Contrastive Graph Prompt-tuning for Cross-domain Recommendation
Zixuan Yi, Iadh Ounis, Craig Macdonald- Computer Science Applications
- General Business, Management and Accounting
- Information Systems
Recommender systems commonly suffer from the long-standing data sparsity problem where insufficient user-item interaction data limits the systems’ ability to make accurate recommendations. This problem can be alleviated using cross-domain recommendation techniques. In particular, in a cross-domain setting, knowledge sharing between domains permits improved effectiveness on the target domain. While recent cross-domain recommendation techniques used a pre-training configuration, we argue that such techniques lead to a low fine-tuning efficiency, especially when using large neural models. In recent language models, prompts have been used for parameter-efficient and time-efficient tuning of the models on the downstream tasks - these prompts represent a tunable latent vector that permits to freeze the rest of the language model’s parameters. To address the cross-domain recommendation task in an efficient manner, we propose a novel Personalised Graph Prompt-based Recommendation (PGPRec) framework, which leverages the efficiency benefits from prompt-tuning.
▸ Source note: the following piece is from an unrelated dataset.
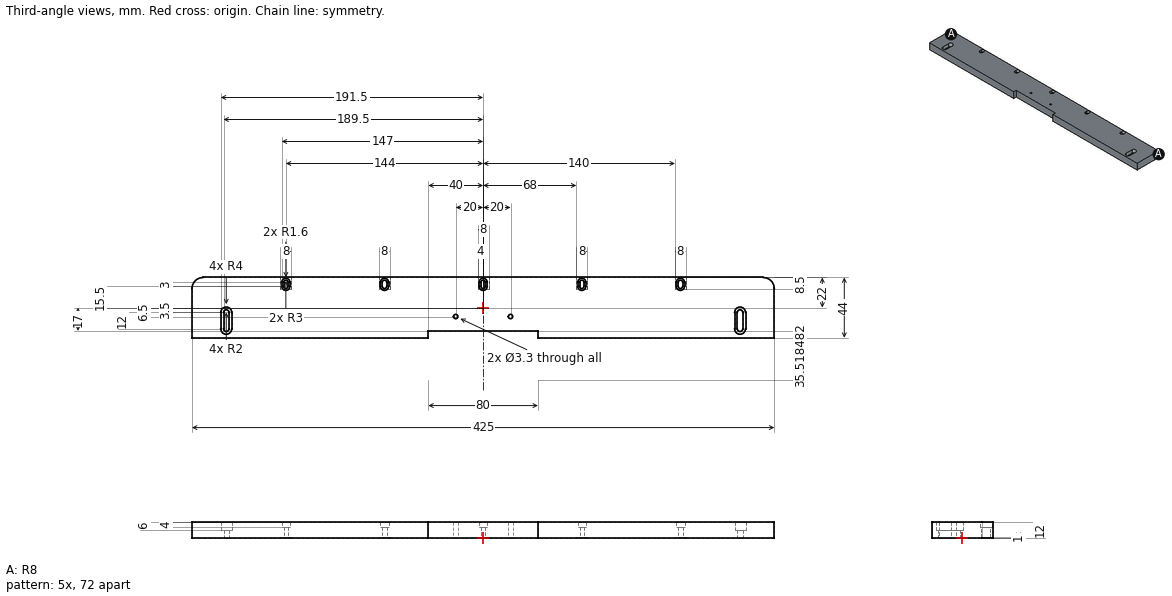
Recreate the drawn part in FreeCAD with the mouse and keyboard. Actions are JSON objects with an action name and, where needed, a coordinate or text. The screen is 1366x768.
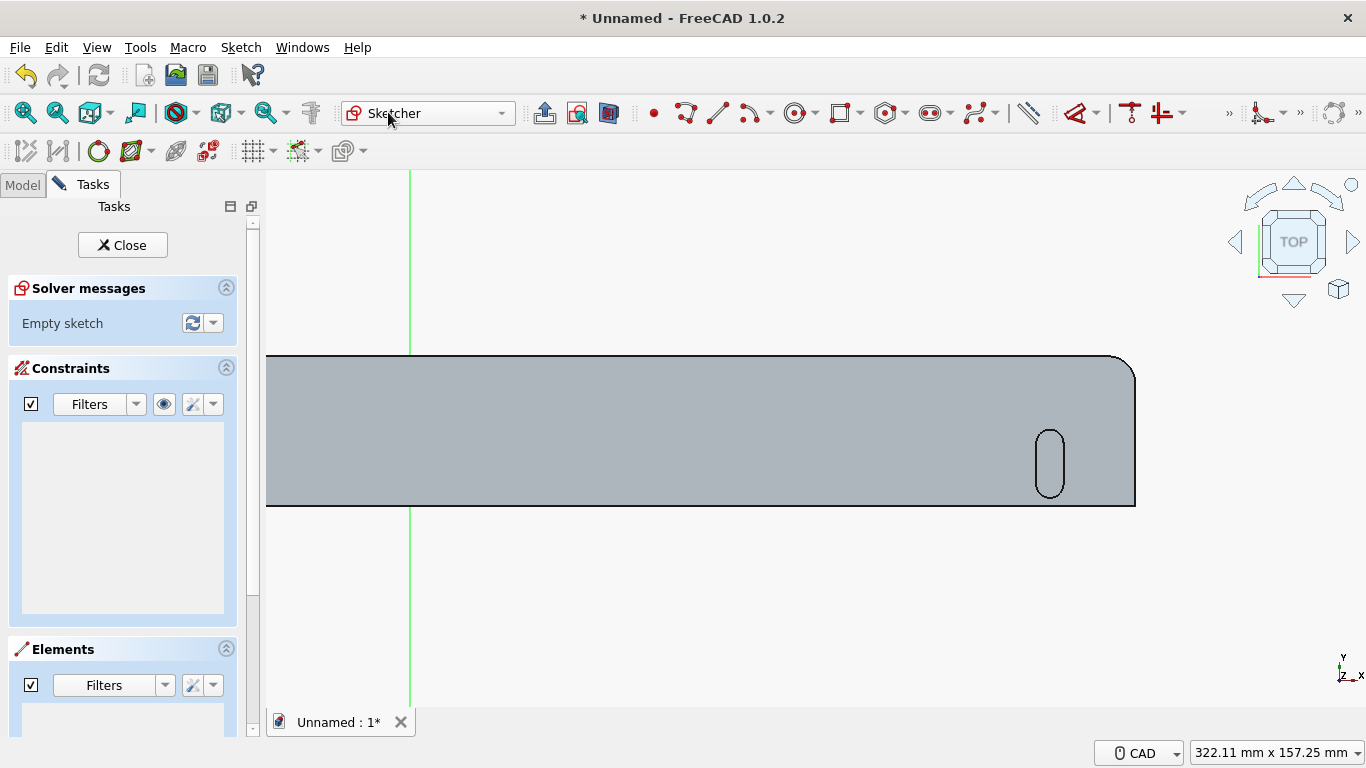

In such a framework, we develop personalised and item-wise graph prompts based on relevant items to those items the user has interacted with. In particular, we apply Contrastive Learning (CL) to generate the pre-trained embeddings, to allow an increased generalisability in the pre-training stage and to ensure an effective prompt-tuning stage. To evaluate the effectiveness of our PGPRec framework in a cross-domain setting, we conduct an extensive evaluation with the top- k recommendation task and perform a cold-start analysis. The obtained empirical results on four Amazon Review datasets show that our proposed PGPRec framework can reduce up to 74% of the tuned parameters with a competitive performance and achieves an 11.41% improved performance compared to the strongest baseline in a cold-start scenario.